「……ついて来い」

 微かに聞こえたその声に、莉依子は飛び上がって後に続く。

「いいの? ほんとに? 泊まっていい?」

 莉依子は半歩前を歩く龍のうしろについて回りながら、龍のバッグや肩をつんつんとひっぱって歩いた。

「引っ張んなよ」
「だって返事もらってない!」
「ついて来いっつってんだからいいってことだろ。わかれよ」

 龍の心底面倒臭そうな目線すら懐かしく思えて、思わず腕を組む。
 ぎょっとしたように振り払おうとしているけれど、本気じゃないくらい莉依子にもわかった。
 なんだかんだで、龍は強く出られない。

「バカ、ひっつくな」
「さっき龍ちゃんから腕組んできたくせに」
「組んでねーよ。ひっぱってきただけだろっつーかだからその龍ちゃんてやめろ」
「龍ちゃん、ありがとう」
「やめんぞマジで」
「ごめんなさい」
「……3日間だけだぞ。
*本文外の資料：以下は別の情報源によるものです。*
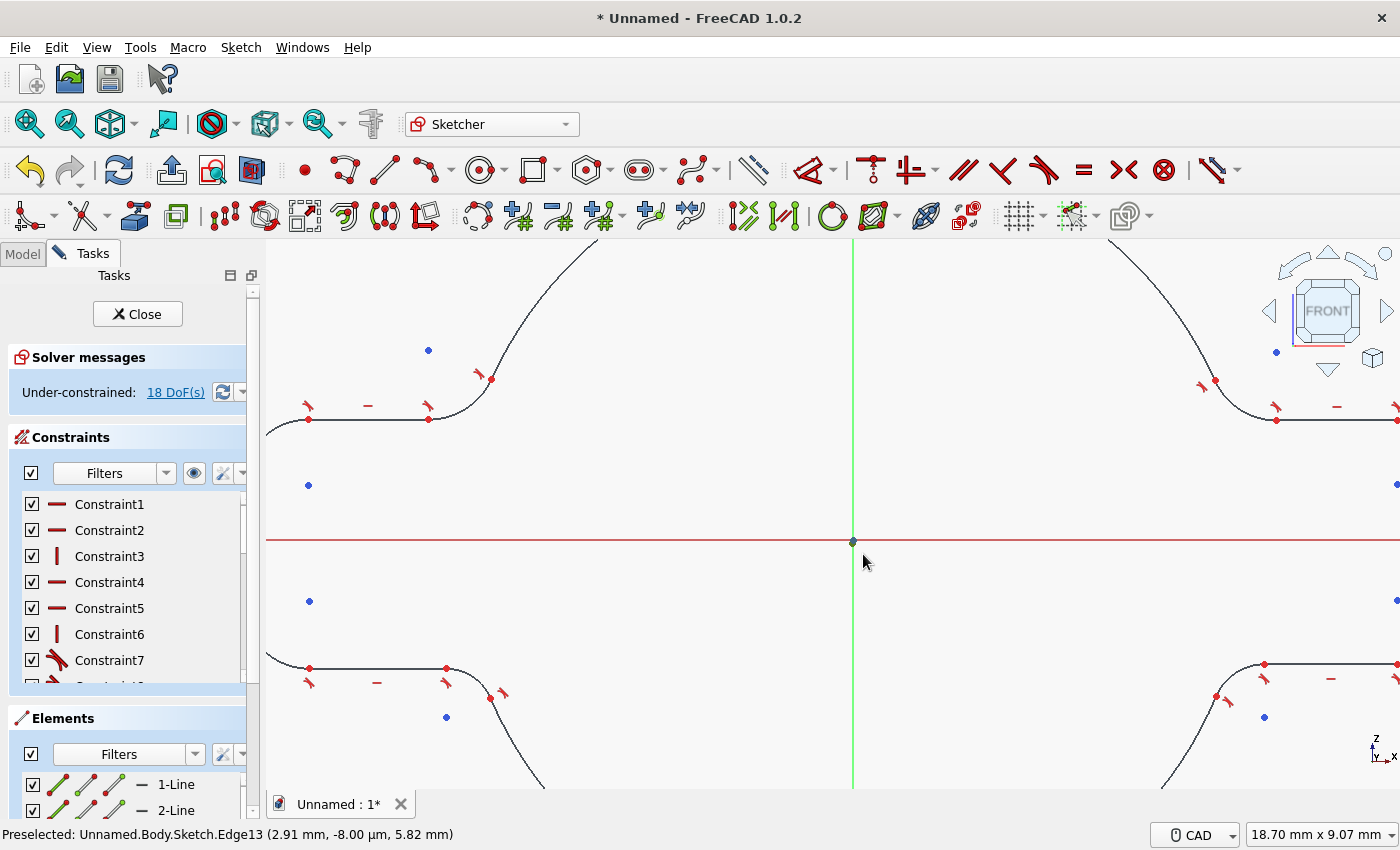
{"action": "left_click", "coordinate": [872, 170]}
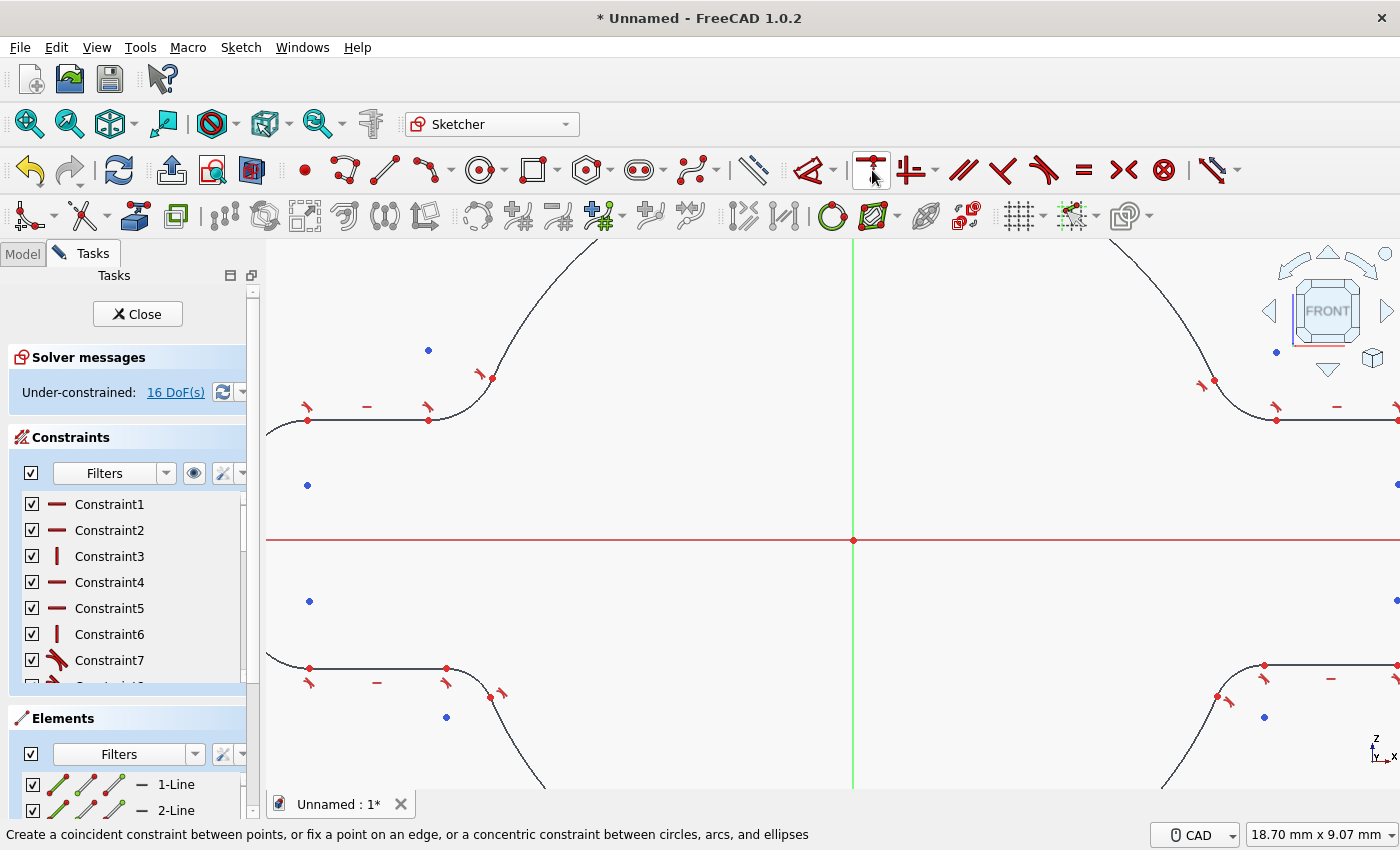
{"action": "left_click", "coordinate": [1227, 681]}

それとお前、変な事すんなよ」
「それ、たぶん女の子の台詞じゃないの?」
「お前に手出すほど飢えてねぇ」
「へえー、それはそれは。大学生活が充実しているようで」
「すげぇムカつく」

 兄妹がじゃれあうように離れたりくっついたりを繰り返しながら、龍のアパートへと向かった。